Feminist Politics and Human Nature
by Jaggar, Alison M (1983)
The traditional Marxist categories were not designed to capture the essential features of the sexual division of labor, and it is doubtful whether they are capable of doing the job. Within the public economy, for instance, there is in fact a sharp separation between jobs that are considered appropriate for men and those that are considered suitable for women; men and women rarely work side by side at the same job. The gender-blind categories of Marxist theory, however, obscure rather than reveal this fact. Even more seriously, the central Marxist categories hardly apply at all to the household, which is the traditional area of women's work. Marxist theory focuses primarily on production, and it defines household work, especially the household work of capitalism, as being outside production. Instead, household work is defined as reproduction, that is, the reproduction of human labor power.
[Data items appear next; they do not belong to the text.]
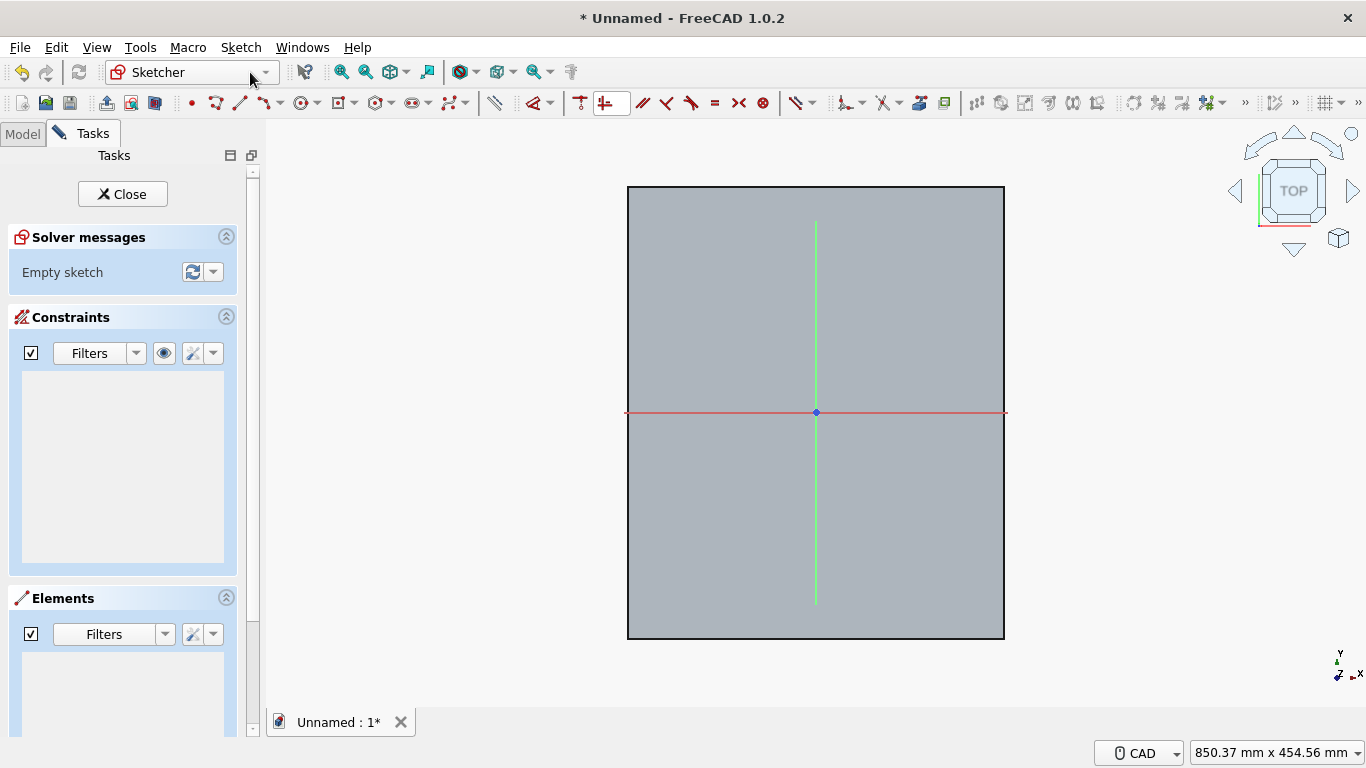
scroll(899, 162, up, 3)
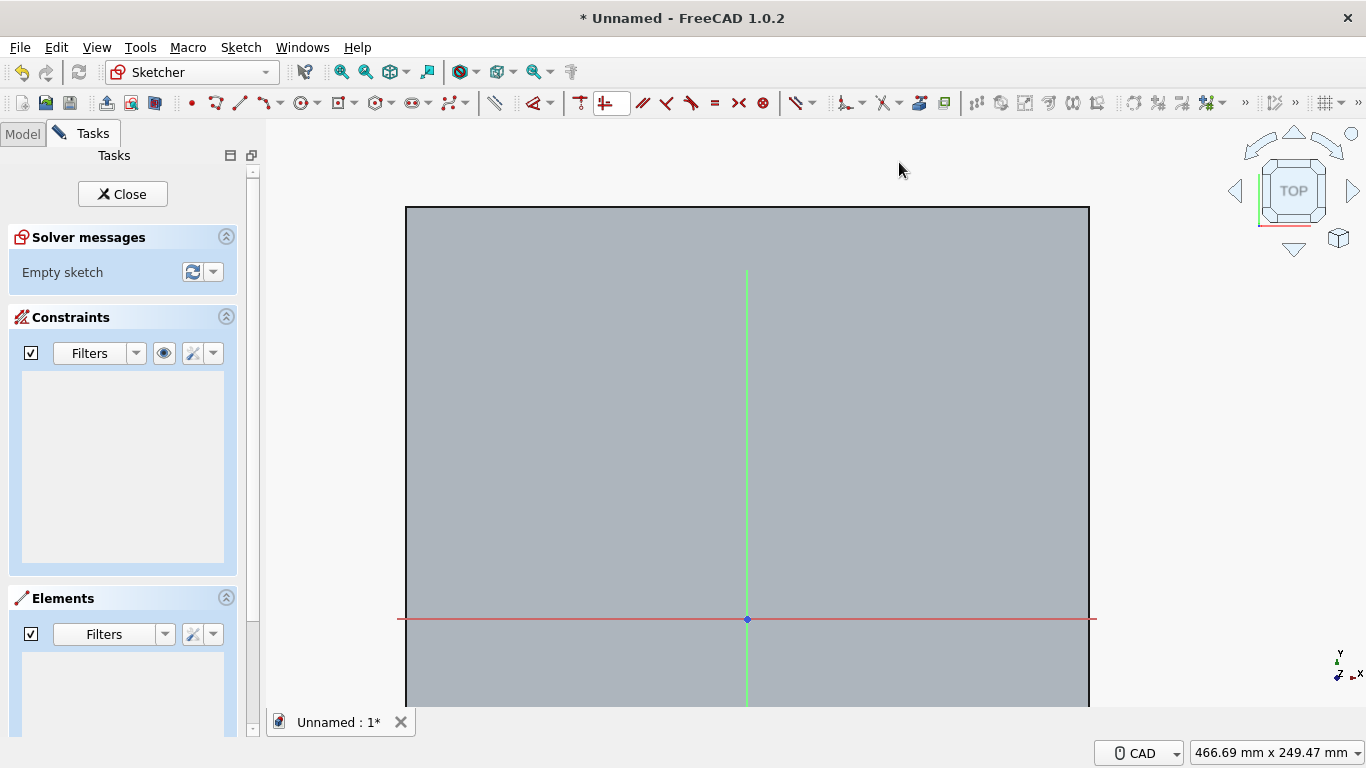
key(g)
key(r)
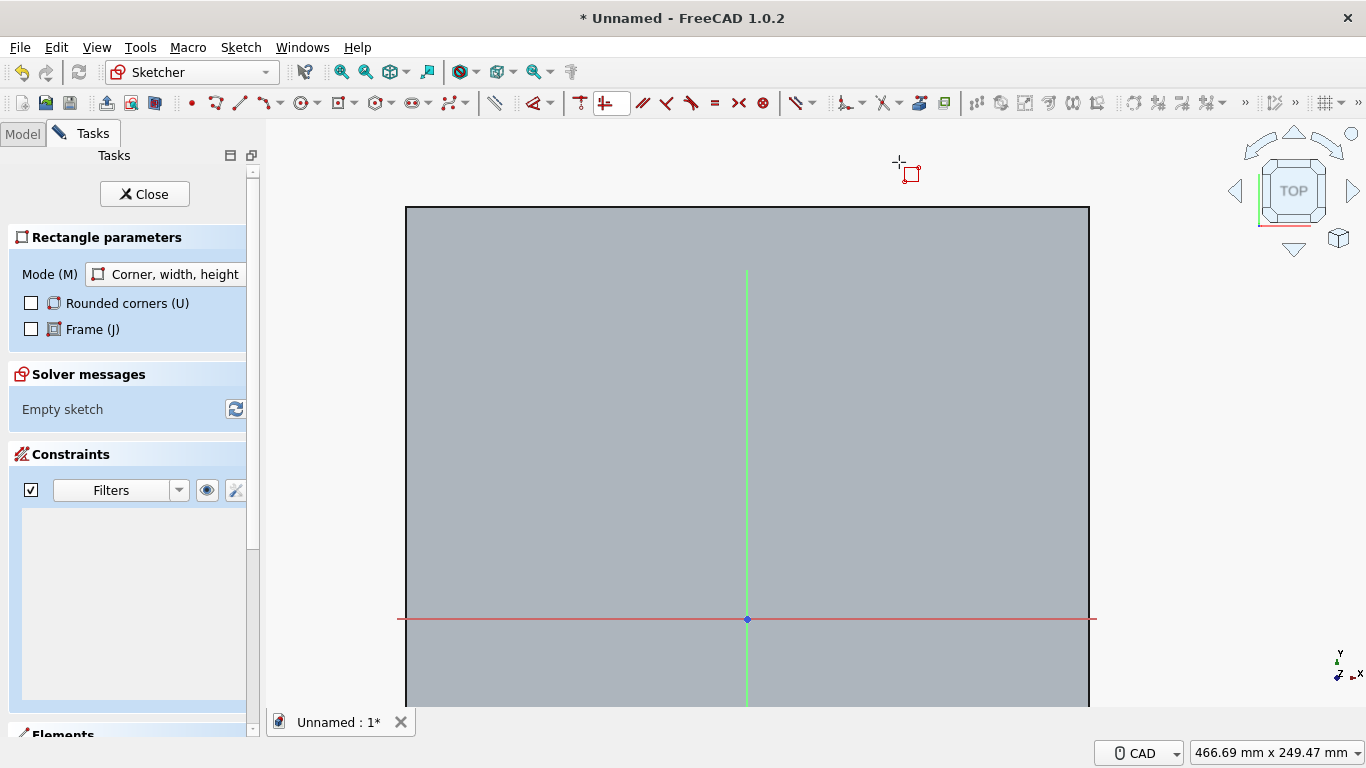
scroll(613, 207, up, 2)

Reproduction itself is broken down into two parts: the daily regeneration of the labor power of existing workers, through rest and food; and the production of new workers through childbearing and childrearing. Thus, reproduction consists in both consumption and procreation. Women are responsible traditionally for much of the former, though of course men must eat the food that women prepare, and women are held traditionally to be responsible for almost all of the latter. (p.74)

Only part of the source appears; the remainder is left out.